In this odd book by Canadian author and physician Kevin Patterson, the acknowledgments are at the end. I should have read this page first. The book seemed disjointed, and I wasn’t always sure who was the narrator, who was the protagonist, or even what year it was. And then I read that the book was not written as a whole, but was put together from a collection of essays. Lesson learned!
This novel is, presumably, about an Inuit woman, Victoria who, as a young child, was sent to a sanatorium is southern Canada to recover from tuberculosis. After six years in the south, she is returned to her family and her Inuit culture. She barely speaks their language anymore, and is a stranger to their way of life. Although Victoria remains in her home village on the banks of Hudson Bay, she marries Robertson, a”kablaunak”, who works for the Hudson Bay Company.
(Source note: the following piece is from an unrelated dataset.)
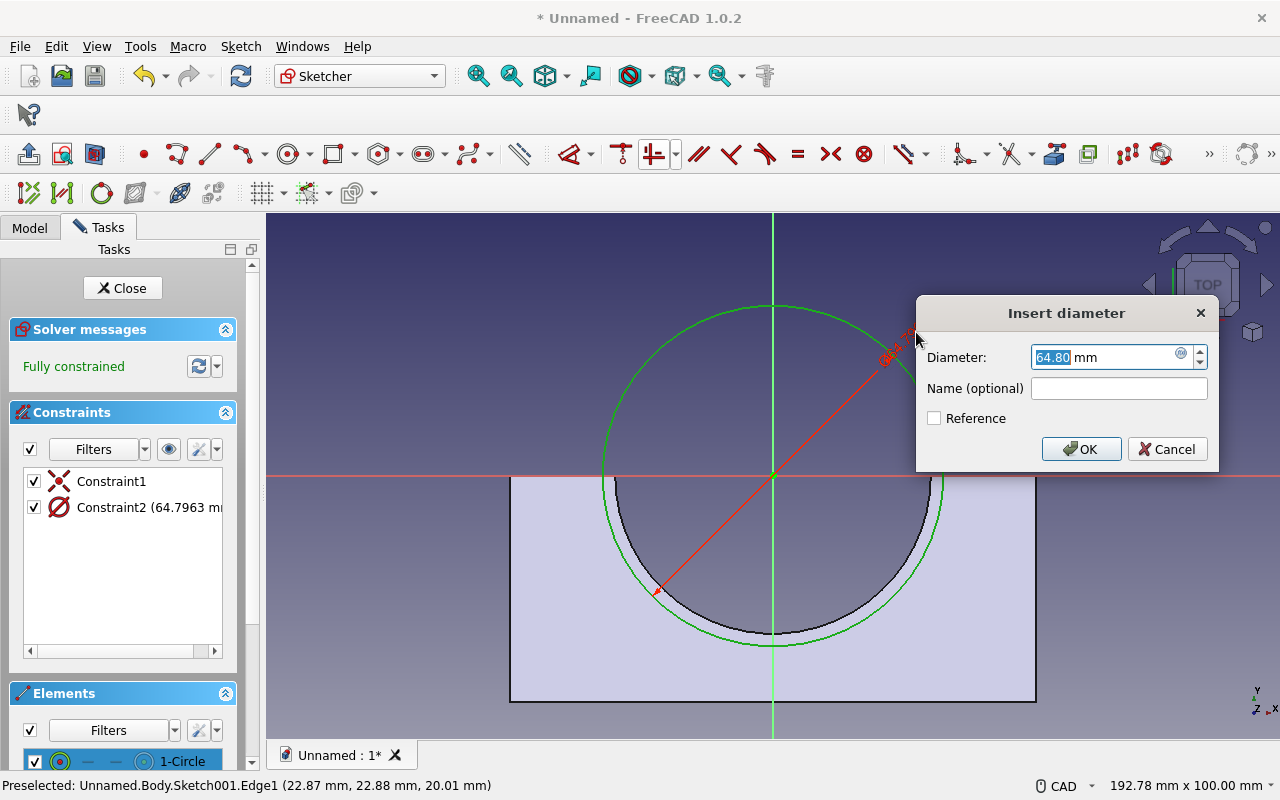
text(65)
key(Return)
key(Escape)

Some of the story is told through the viewpoint of Keith Balthazar, a New York physician who spends months at a time working in the Arctic (like Kevin Patterson, apparently). Balthazar’s life is a shambles, and he has few personal connections. His only friend in the Arctic seems to be the local priest.
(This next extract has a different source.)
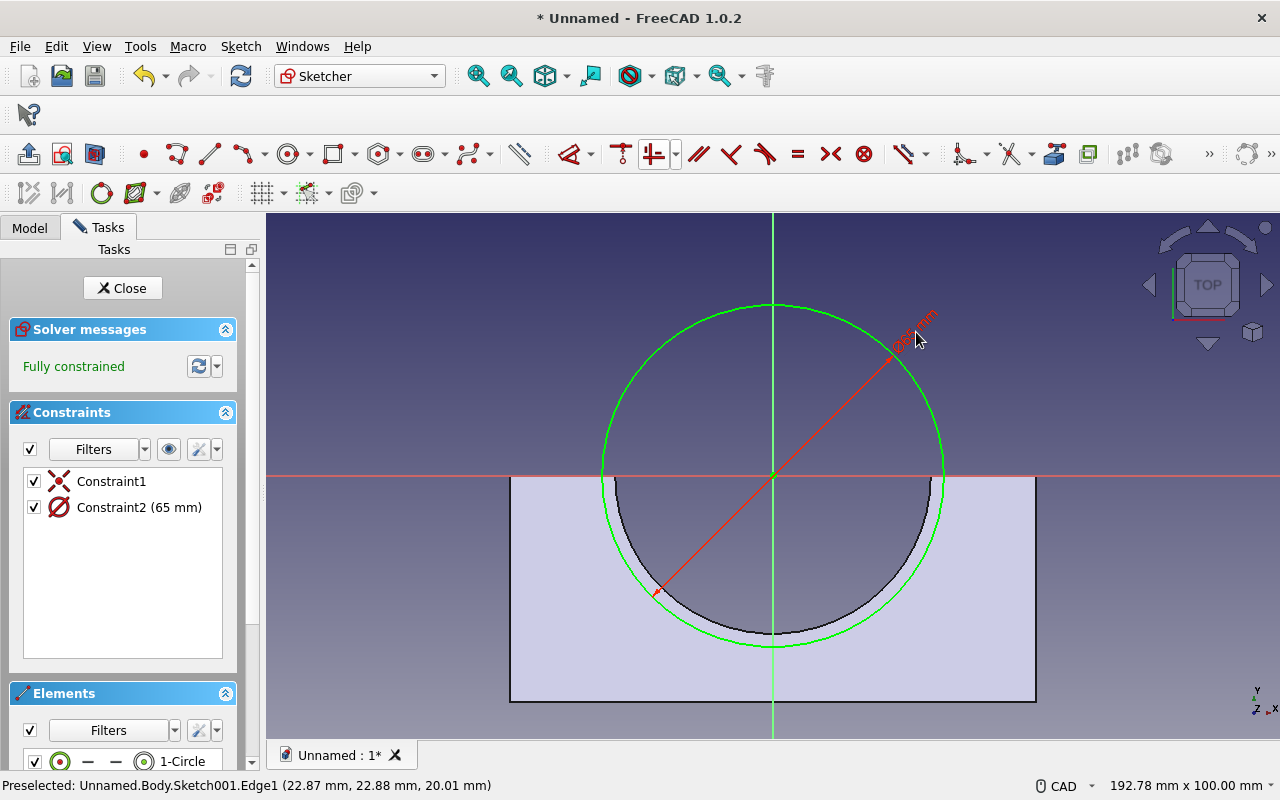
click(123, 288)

So while this novel is presumably about Victoria, in the end it is more about Balthazar. The final sixty pages of the book are an “unpublished manuscript” by Dr. Balthazar titled The Diseases of Affluence. Reading this, we learn more about Dr. B than in the entire rest of the novel.
This is another book that could use a good American copy editor. Dr. B presumably lives in Yonkers, NY (very near me) but he travels to his brother’s house in Newark, NJ as if driving from New York City. It is also unlikely that his brother would actually live in Newark. Most of the affluent whites fled Newark decades ago, and Dr. B’s brother lived there long before Newark’s recent resurgence.
I picked this book up while in Canada on vacation. It should be valuable for Canadian readers since it does a good job of describing how the Canadian government has dealt with the native Inuits (sadly, not very well). Overall, Consumption is okay, but not worth 393 pages.